How do I know if JD is in my deer?

If you see deer in your herd losing weight with diarrhoea JD needs to be ruled out as the cause, as these symptoms may be due to many things. To rule out JD, get your veterinarian to confirm a diagnosis. For Johne’s disease the diagnosis is based on a combination of the following tools:

  • examination of the affected deer, possibly including post-mortem
  • blood testing a group of animals
  • discussing the history of the property
  • discussing the source of the deer

Johne’s Management Limited has established a network of veterinarians with specialist training in Johne’s disease to help.

Can I control Johne’s disease in my deer?

Yes.

Johne’s disease can be successfully and cost effectively controlled.

  • Controlling JD will save you money and make your farming business more profitable.
  • Controlling JD will improve the animal health status of your deer.
  • Controlling JD on your farm is your part in an industry wide effort to control this disease.
  • Controlling JD will reduce stress on the farmer.

Experience with the Deer Industry ‘Making a DIFFerence’ Focus Farms has demonstrated successful control and a cost-benefit analysis has shown it’s well worth the relatively low costs involved (see the Deer Industry News, issues 46 and 49).

Controlling JD is not as simple as giving an injection or a pill so JML has established a network of veterinarians with specialist training in JD to help make an on-farm control programmes [link].  

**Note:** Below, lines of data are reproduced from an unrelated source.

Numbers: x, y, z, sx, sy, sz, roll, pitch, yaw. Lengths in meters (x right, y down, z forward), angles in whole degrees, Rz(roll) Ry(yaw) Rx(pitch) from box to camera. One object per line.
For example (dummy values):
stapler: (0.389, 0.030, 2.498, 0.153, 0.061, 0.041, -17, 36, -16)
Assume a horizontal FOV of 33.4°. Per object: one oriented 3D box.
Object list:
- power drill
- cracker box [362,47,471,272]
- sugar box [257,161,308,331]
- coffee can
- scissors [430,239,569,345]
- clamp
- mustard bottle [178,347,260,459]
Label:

Controlling JD will take a small but firm commitment on the farmer’s part to stick with the programme. But the programme will work. And the solution is achievable.

 

A control programme will involve the following steps:

  • Determine the extent of Johne’s disease in your herd
  • Culling test-positive deer
  • Maintain a closed herd (do not bring deer in, but if you must, ensure they are JD-test negative)
  • Tweak management of young deer to minimise their chance of infection

It will take a little work each year for several years to really minimise JD but after that, vigilance and some targeted monitoring are all that is required to ensure it stays minimised.

The bottom line is more animals, heavier sooner and better which is exactly the aim for the New Zealand Deer Industry.

How is JD spread?

The main way that JD spreads between farms is through the trading of healthy looking but infected deer.

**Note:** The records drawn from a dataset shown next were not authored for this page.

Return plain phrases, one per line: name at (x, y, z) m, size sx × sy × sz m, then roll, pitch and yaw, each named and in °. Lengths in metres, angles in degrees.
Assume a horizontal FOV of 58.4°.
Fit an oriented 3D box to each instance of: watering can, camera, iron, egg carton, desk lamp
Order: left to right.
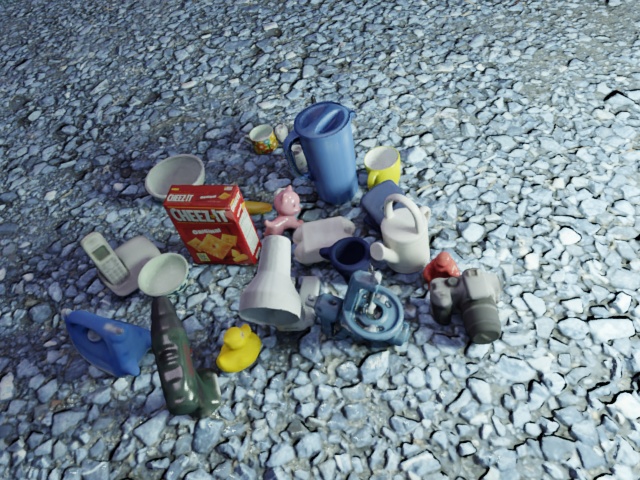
iron at (-0.483, 0.198, 1.239) m, size 0.257 × 0.142 × 0.119 m, roll 14°, pitch 55°, yaw 23°
desk lamp at (-0.081, 0.105, 1.175) m, size 0.117 × 0.214 × 0.203 m, roll -2°, pitch 50°, yaw 12°
egg carton at (0.012, 0.005, 1.333) m, size 0.150 × 0.069 × 0.107 m, roll -11°, pitch 49°, yaw 4°
watering can at (0.178, -0.017, 1.228) m, size 0.100 × 0.194 × 0.173 m, roll 11°, pitch 54°, yaw 22°
camera at (0.297, 0.133, 1.136) m, size 0.143 × 0.101 × 0.136 m, roll -9°, pitch 49°, yaw 6°

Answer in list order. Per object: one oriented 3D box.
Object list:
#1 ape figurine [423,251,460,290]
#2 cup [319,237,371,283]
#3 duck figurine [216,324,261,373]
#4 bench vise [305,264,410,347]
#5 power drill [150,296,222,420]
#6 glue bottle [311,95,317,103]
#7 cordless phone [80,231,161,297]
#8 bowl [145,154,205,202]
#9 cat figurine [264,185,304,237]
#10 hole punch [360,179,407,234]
ape figurine at (0.259, 0.060, 1.213) m, size 0.077 × 0.092 × 0.076 m, roll 19°, pitch 57°, yaw 27°
cup at (0.059, 0.053, 1.264) m, size 0.117 × 0.095 × 0.092 m, roll 6°, pitch 52°, yaw 18°
duck figurine at (-0.176, 0.219, 1.186) m, size 0.077 × 0.086 × 0.105 m, roll 32°, pitch 64°, yaw 33°
bench vise at (0.064, 0.132, 1.112) m, size 0.207 × 0.220 × 0.121 m, roll -5°, pitch 49°, yaw 9°
power drill at (-0.262, 0.245, 1.102) m, size 0.075 × 0.209 × 0.229 m, roll -21°, pitch 49°, yaw -4°
glue bottle at (-0.004, -0.316, 1.540) m, size 0.037 × 0.173 × 0.078 m, roll 12°, pitch 54°, yaw 23°
cordless phone at (-0.466, 0.031, 1.347) m, size 0.093 × 0.185 × 0.148 m, roll 33°, pitch 64°, yaw 34°
bowl at (-0.383, -0.153, 1.558) m, size 0.167 × 0.075 × 0.167 m, roll -7°, pitch 49°, yaw 8°
cat figurine at (-0.090, -0.066, 1.386) m, size 0.067 × 0.118 × 0.128 m, roll 25°, pitch 60°, yaw 30°
hole punch at (0.162, -0.075, 1.351) m, size 0.109 × 0.091 × 0.100 m, roll -36°, pitch 52°, yaw -17°

The main way that JD is transmitted between individual animals is when young calves ingest infected faeces or milk. This is most likely when it is suckling from an infected hind (calves may suckle from hinds other than their mother) but can also happen when grazing contaminated pasture or eating contaminated supplementary feeds. The calf’s gut system matures in the months post birth and this process is likely to make it particularly susceptible to infection by MAP.

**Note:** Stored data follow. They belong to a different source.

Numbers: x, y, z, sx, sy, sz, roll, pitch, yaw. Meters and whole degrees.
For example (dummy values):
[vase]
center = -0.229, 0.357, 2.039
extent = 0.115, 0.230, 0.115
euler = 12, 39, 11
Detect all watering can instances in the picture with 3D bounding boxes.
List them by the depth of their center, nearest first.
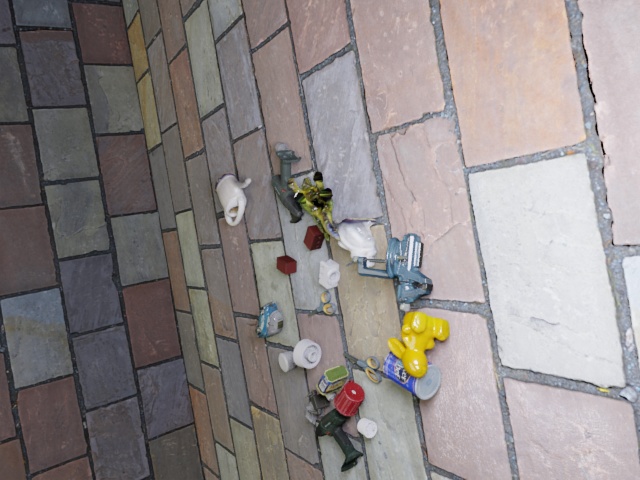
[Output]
[watering can]
center = -0.387, -0.219, 2.333
extent = 0.228, 0.104, 0.340
euler = 60, 143, 28

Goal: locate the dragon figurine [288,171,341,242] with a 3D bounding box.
[dragon figurine]
center = 0.005, -0.088, 1.750
extent = 0.237, 0.122, 0.419
euler = 64, -178, -53

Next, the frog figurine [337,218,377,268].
[frog figurine]
center = 0.116, 0.010, 1.628
extent = 0.137, 0.122, 0.160
euler = 0, 88, 37

Calves may also be infected before birth in the uterus.

Drinking water contaminated with MAP infected faeces is another potential source of infection.

There is no transmission risk through nose-to-nose contact through fences.

Wildlife are not considered a major source of transmission of JD. It’s true that the bacteria can be found in multiple wildlife species in New Zealand including rabbits, hedgehogs, ferrets, cats and gulls but the realistic chances of transmission from them to young calves is low compared to transmission from infected hinds or contaminated feed or water.  

The importance of transmission of JD between deer and other species of livestock is not yet well understood.

JD in young deer and mature deer

JD manifests differently depending on the age of the deer. In weaner deer major outbreaks of disease can occur causing scouring, weight loss and death in up to 25% of the affected mob during the first winter of life. It is not clearly understood whether these outbreaks are due to infection passing between the weaners, or whether they were all infected at an earlier date then experience a common stress (like those associated with weaning, social mixing, overcrowding, nutritional and climatic stress in winter) causing disease.

In comparison, the disease in adult deer is usually seen as one-off cases in small herds or in the tail end of large mobs of animals, often after unusually stressful conditions.